Task brief » What you return should be each line of the data containing the string "pitch".

Dataset: Begin

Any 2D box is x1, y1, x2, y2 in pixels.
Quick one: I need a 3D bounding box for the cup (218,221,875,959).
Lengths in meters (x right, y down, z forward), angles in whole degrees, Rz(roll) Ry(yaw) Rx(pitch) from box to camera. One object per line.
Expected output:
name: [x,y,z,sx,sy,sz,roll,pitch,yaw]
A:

Dataset: End
Dataset: Begin

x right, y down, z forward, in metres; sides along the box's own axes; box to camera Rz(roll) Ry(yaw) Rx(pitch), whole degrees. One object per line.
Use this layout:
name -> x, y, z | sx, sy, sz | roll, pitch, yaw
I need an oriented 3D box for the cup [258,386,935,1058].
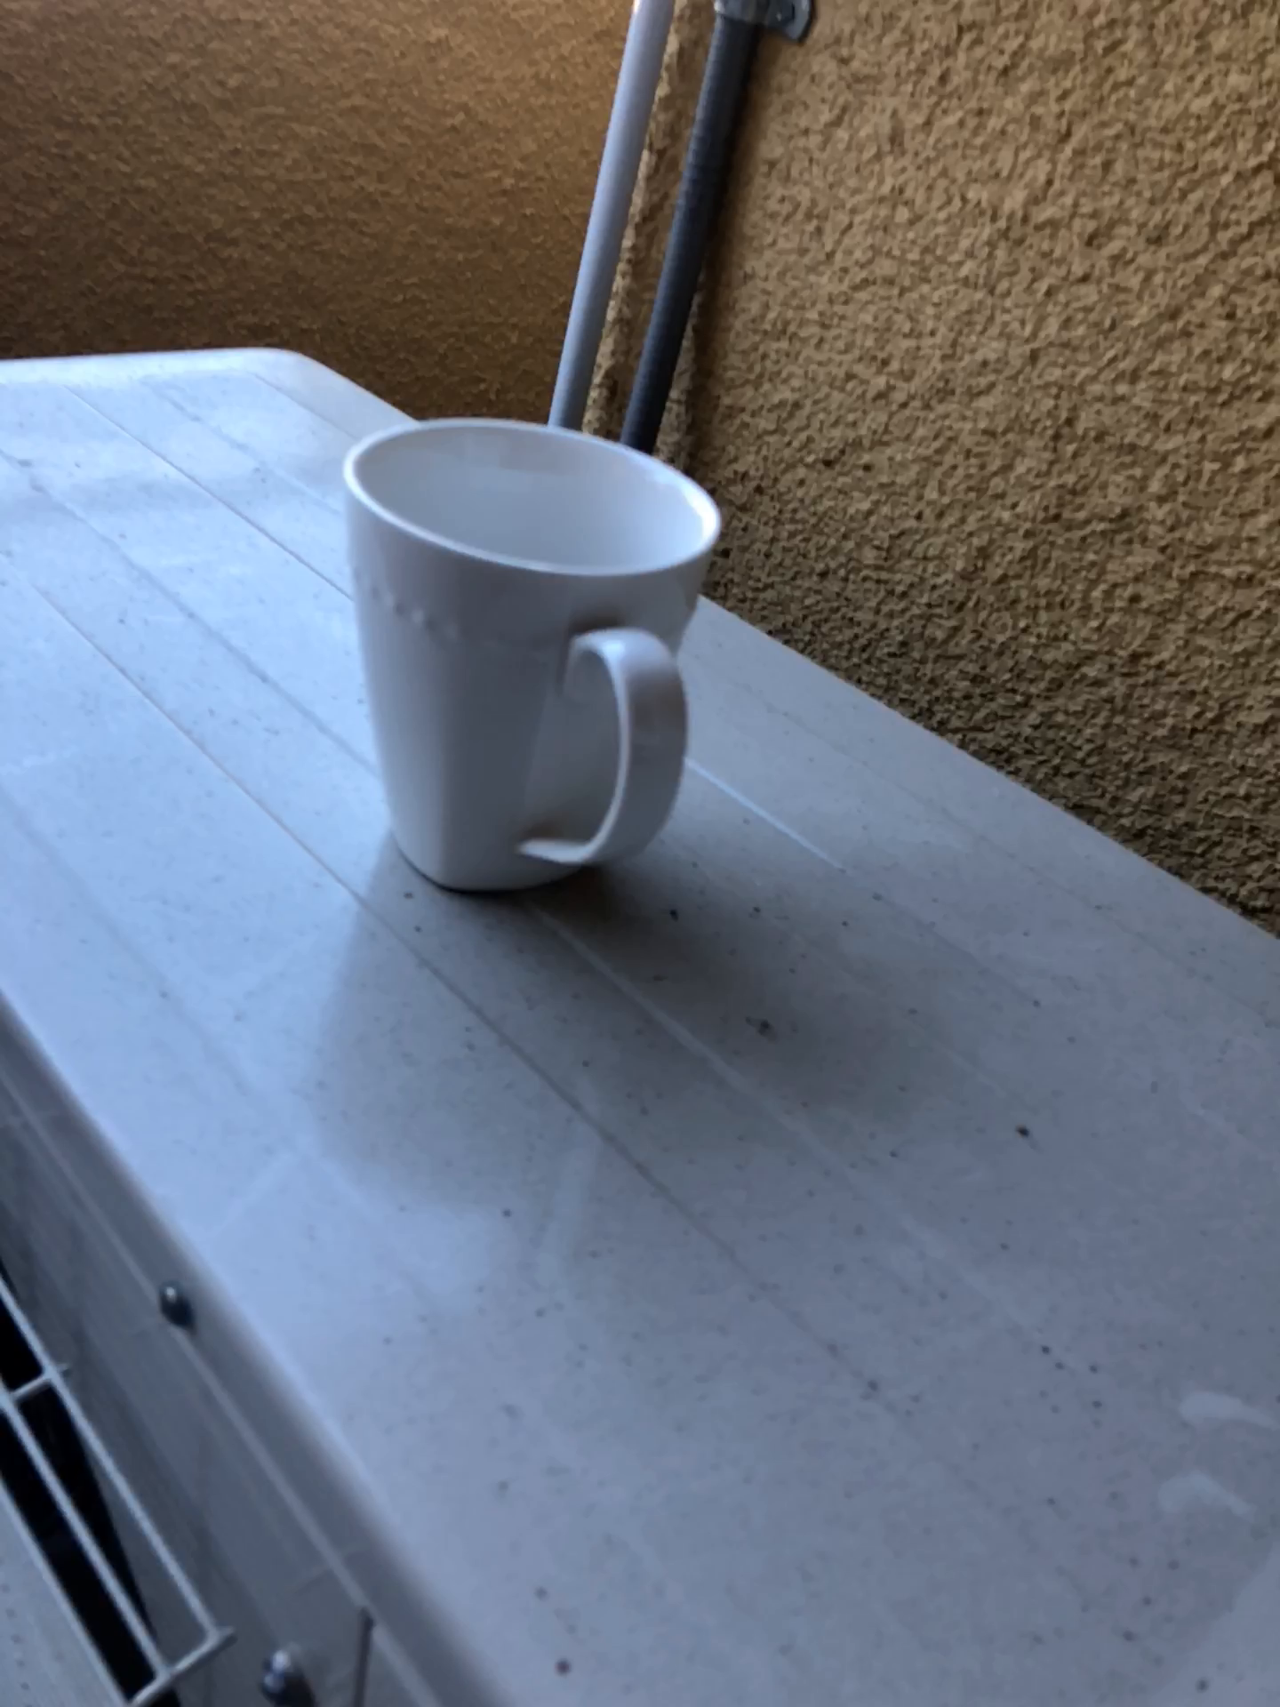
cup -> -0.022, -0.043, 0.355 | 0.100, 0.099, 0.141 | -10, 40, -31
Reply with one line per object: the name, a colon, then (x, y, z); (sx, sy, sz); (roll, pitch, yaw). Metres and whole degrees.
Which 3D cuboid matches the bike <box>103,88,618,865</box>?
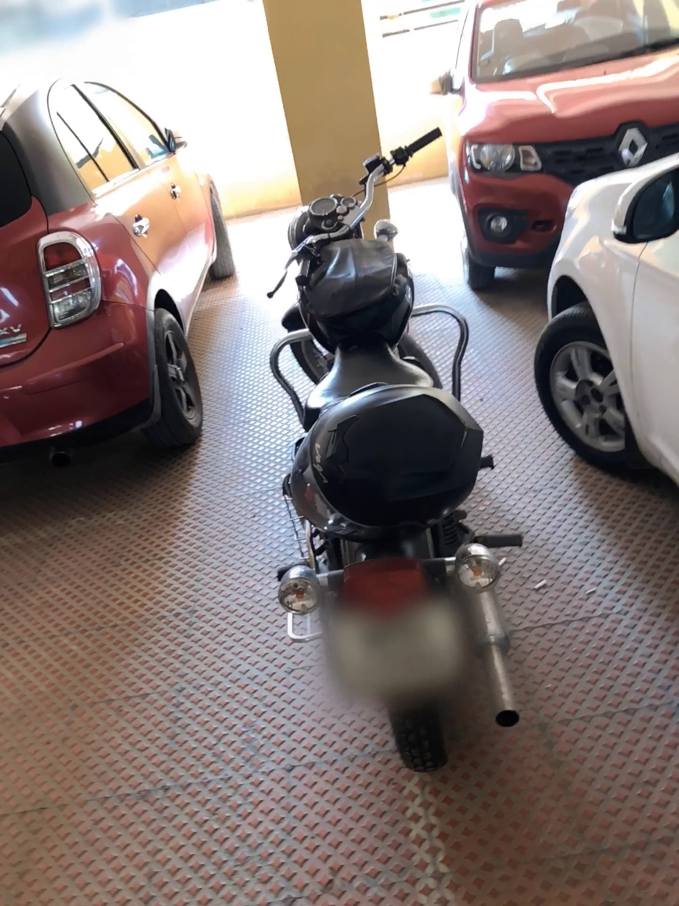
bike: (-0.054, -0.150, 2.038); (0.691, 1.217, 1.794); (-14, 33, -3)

Dataset: End

Result »
Lengths in meters (x right, y down, z forward), angles in whole degrees, Rz(roll) Ry(yaw) Rx(pitch) from box to camera. One object per line.
name: [x,y,z,sx,sy,sz,roll,pitch,yaw]
x right, y down, z forward, in metres; sides along the box's own axes; box to camera Rz(roll) Ry(yaw) Rx(pitch), whole degrees. One object per line.
name -> x, y, z | sx, sy, sz | roll, pitch, yaw
Reply with one line per object: the name, a colon, then (x, y, z); (sx, sy, sz); (roll, pitch, yaw). Metres and whole degrees.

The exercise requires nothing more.